■ **Work request**
Of the entries below, return exactly those lines that fall between the one containing "3. person (379, 207, 424, 250)" and the one containing "7. hat (621, 116, 665, 140)", the two end lines included.

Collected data
● ● ●

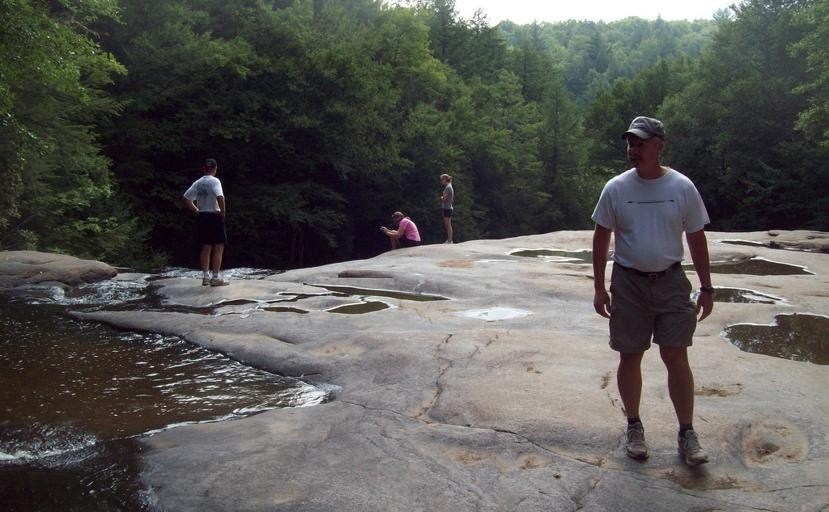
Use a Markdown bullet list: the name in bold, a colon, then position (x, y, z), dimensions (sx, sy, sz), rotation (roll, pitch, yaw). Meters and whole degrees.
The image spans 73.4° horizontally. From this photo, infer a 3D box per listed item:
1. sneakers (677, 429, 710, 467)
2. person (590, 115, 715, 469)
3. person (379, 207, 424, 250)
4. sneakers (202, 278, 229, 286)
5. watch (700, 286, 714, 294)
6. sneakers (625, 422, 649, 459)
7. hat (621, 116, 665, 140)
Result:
- **sneakers**: position (2.748, 1.879, 5.477), dimensions (0.259, 0.350, 0.140), rotation (-2, 4, 22)
- **person**: position (2.416, 0.320, 5.640), dimensions (1.103, 3.466, 0.605), rotation (-2, 4, 22)
- **person**: position (-0.366, -0.851, 17.974), dimensions (0.894, 1.208, 1.815), rotation (-4, 3, -2)
- **sneakers**: position (-4.039, 0.532, 11.206), dimensions (0.407, 0.124, 0.215), rotation (0, 2, -4)
- **watch**: position (3.007, 0.342, 5.684), dimensions (0.121, 0.056, 0.090), rotation (1, 2, 4)
- **sneakers**: position (2.250, 1.847, 5.646), dimensions (0.233, 0.350, 0.272), rotation (-2, 3, 18)
- **hat**: position (2.415, -1.290, 5.710), dimensions (0.405, 0.172, 0.260), rotation (11, 5, -11)

● ● ●

■ **Task solution**
3. person (379, 207, 424, 250)
4. sneakers (202, 278, 229, 286)
5. watch (700, 286, 714, 294)
6. sneakers (625, 422, 649, 459)
7. hat (621, 116, 665, 140)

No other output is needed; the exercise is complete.